#### Instructions for the task:
Run through the records and, wherever a line holds the word "separate", return that line.

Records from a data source
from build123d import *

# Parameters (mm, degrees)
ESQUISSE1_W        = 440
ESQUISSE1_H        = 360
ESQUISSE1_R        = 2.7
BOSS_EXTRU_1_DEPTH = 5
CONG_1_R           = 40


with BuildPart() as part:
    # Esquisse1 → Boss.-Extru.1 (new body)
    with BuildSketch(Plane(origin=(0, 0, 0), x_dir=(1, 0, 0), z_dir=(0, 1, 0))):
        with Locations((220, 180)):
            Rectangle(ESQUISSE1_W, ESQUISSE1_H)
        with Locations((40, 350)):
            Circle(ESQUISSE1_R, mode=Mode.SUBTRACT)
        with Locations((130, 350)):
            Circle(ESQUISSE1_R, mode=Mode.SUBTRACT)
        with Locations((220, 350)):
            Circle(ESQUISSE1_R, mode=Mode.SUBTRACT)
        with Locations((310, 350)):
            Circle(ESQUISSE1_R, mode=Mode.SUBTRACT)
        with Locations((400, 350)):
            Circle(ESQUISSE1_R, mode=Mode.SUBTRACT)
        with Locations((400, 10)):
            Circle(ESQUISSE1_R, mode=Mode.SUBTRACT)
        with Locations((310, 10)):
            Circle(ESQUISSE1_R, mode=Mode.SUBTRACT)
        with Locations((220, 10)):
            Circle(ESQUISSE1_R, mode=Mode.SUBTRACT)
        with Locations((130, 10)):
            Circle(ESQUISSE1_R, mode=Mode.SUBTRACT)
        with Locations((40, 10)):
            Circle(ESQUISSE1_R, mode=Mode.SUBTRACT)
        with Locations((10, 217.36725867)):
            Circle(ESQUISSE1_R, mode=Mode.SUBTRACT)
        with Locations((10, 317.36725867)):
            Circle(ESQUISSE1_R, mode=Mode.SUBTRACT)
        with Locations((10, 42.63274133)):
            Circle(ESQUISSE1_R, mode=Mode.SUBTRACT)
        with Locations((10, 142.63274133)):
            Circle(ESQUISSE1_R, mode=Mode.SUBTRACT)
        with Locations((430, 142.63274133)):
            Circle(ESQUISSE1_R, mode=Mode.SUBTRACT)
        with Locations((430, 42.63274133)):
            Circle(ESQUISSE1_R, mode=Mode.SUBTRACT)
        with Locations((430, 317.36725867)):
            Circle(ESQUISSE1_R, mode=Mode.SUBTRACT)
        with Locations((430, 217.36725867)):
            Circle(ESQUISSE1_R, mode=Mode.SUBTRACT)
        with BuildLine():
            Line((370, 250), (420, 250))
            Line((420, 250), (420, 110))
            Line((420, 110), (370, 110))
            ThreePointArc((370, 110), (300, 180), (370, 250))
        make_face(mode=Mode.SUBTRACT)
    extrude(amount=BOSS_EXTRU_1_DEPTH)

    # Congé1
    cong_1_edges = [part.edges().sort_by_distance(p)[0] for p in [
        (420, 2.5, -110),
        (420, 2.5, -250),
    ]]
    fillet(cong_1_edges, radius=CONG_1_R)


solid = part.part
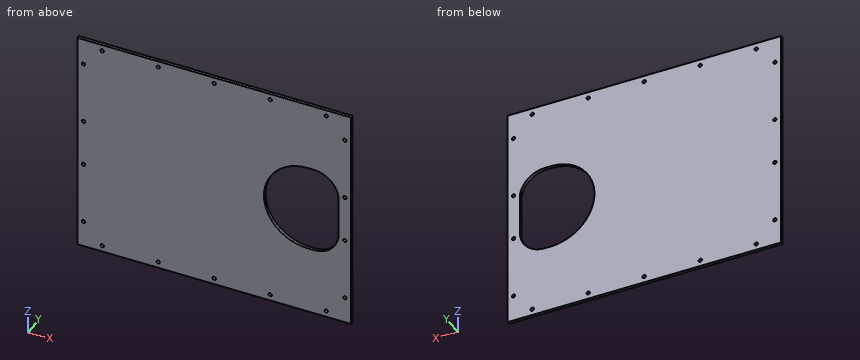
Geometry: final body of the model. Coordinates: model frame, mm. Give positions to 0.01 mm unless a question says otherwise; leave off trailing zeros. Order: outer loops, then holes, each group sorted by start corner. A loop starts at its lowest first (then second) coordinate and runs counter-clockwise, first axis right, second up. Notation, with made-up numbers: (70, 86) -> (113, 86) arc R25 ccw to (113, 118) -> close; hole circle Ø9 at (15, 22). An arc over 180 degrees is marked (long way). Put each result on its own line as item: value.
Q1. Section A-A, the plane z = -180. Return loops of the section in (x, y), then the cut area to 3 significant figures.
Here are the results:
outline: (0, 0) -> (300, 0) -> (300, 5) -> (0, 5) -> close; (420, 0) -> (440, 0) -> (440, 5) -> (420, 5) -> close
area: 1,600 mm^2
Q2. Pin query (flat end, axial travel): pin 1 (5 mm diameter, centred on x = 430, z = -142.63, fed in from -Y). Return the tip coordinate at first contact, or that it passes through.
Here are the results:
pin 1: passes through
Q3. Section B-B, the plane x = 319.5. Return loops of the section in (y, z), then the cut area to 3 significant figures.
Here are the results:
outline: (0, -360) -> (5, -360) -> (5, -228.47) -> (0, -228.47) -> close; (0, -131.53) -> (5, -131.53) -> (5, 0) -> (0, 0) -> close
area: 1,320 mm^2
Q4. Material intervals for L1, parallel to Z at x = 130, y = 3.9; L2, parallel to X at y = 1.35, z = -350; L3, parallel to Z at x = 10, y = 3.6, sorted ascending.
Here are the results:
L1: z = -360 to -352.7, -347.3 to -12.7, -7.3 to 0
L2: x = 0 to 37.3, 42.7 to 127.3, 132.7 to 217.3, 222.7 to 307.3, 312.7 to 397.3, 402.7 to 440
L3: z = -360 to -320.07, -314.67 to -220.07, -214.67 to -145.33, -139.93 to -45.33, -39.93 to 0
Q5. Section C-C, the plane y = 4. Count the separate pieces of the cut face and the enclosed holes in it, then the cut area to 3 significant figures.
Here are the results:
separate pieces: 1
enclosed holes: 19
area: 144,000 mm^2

#### Response box:
Q5. Section C-C, the plane y = 4. Count the separate pieces of the cut face and the enclosed holes in it, then the cut area to 3 significant figures.
separate pieces: 1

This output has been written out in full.